** EXERCISE AIM **
Everything from the line holding "#7 van or camper (221,433,789,803)" to the end of the listing below should be copied exactly, line for line, minus the pictures.

** PROVIDED DATA **
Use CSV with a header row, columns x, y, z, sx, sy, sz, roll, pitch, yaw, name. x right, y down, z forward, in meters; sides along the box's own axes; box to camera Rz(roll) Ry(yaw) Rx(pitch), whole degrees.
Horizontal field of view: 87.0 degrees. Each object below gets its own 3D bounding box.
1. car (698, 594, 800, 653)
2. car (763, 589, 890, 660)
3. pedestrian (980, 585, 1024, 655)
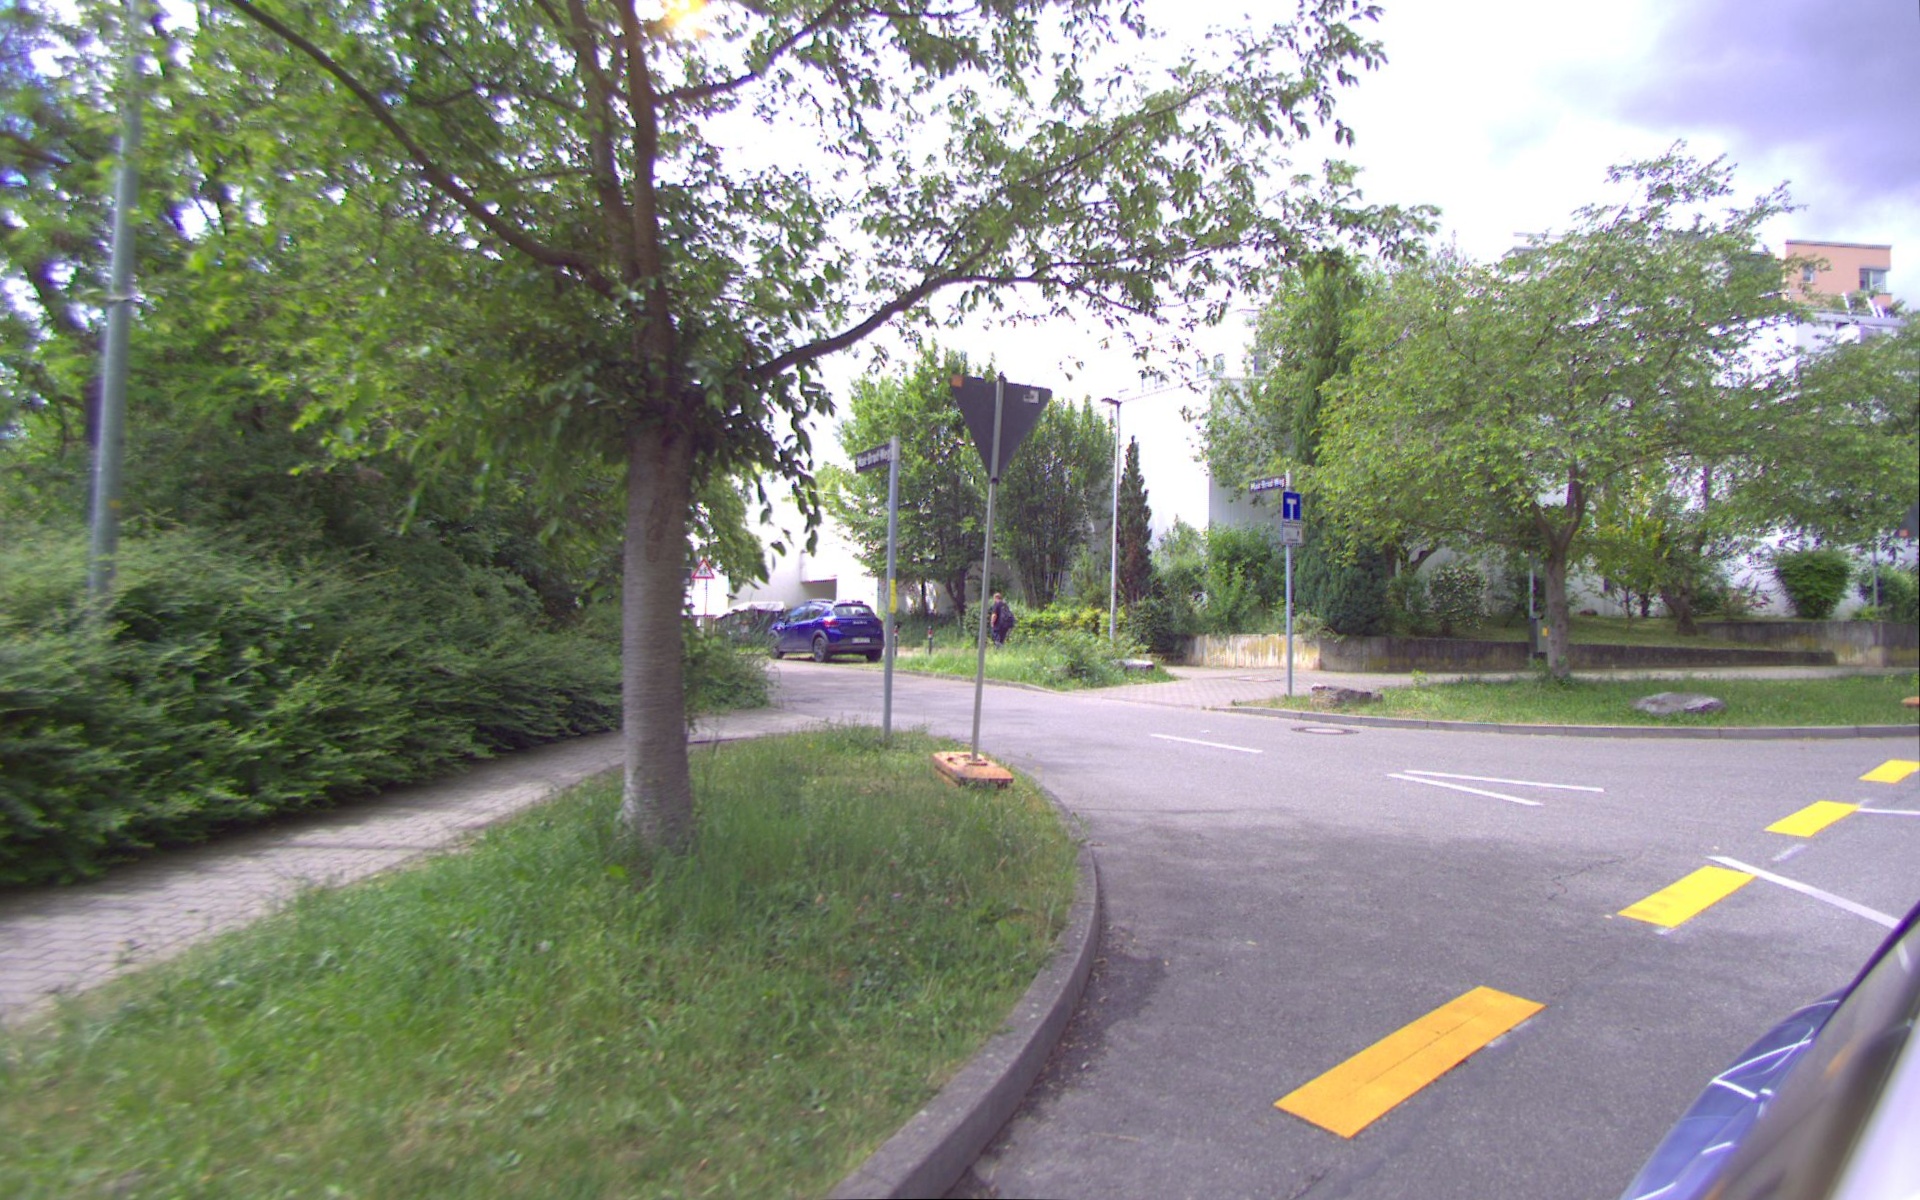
x,y,z,sx,sy,sz,roll,pitch,yaw,name
-6.565,0.684,31.197,1.695,1.683,4.001,-1,0,-33,car
-3.550,0.596,26.288,1.695,1.683,4.001,-1,0,-33,car
1.074,0.506,25.989,0.771,1.759,0.835,0,0,-34,pedestrian
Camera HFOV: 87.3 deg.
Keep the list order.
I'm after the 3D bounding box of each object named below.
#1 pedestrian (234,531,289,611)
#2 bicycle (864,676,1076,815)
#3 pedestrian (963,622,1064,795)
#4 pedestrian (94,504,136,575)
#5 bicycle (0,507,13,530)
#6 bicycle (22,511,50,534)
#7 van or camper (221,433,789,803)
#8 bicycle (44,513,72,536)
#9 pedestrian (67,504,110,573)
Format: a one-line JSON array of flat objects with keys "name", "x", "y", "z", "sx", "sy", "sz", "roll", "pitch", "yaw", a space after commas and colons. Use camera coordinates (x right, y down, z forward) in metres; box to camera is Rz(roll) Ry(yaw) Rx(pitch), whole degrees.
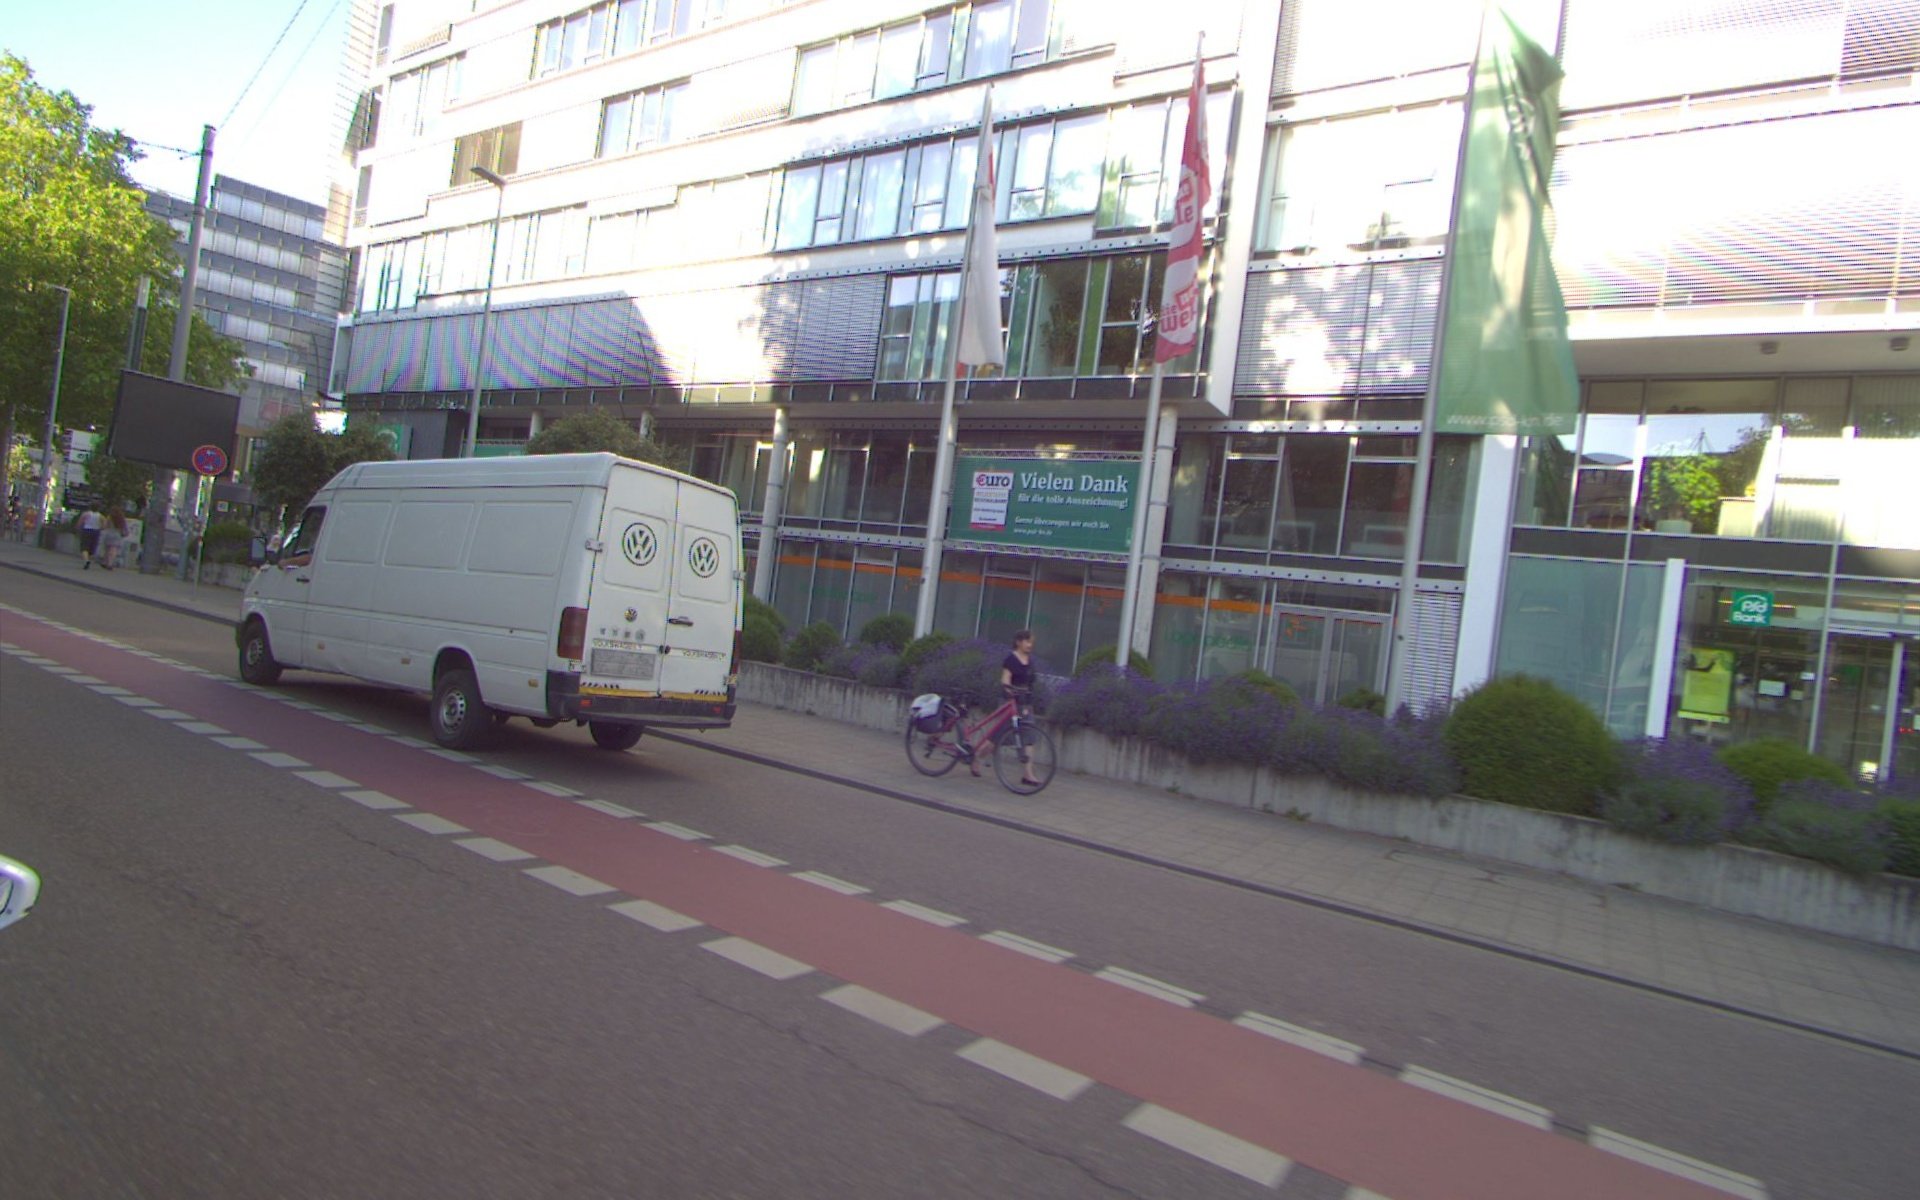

** SOLUTION TO THIS EXERCISE **
#7 van or camper (221,433,789,803)
#8 bicycle (44,513,72,536)
#9 pedestrian (67,504,110,573)
Format: a one-line JSON array of flat objects with keys "name", "x", "y", "z", "sx", "sy", "sz", "roll", "pitch", "yaw", a space after commas and colons. Use camera coordinates (x right, y down, z forward) in metres; box to camera is Rz(roll) Ry(yaw) Rx(pitch), whole degrees.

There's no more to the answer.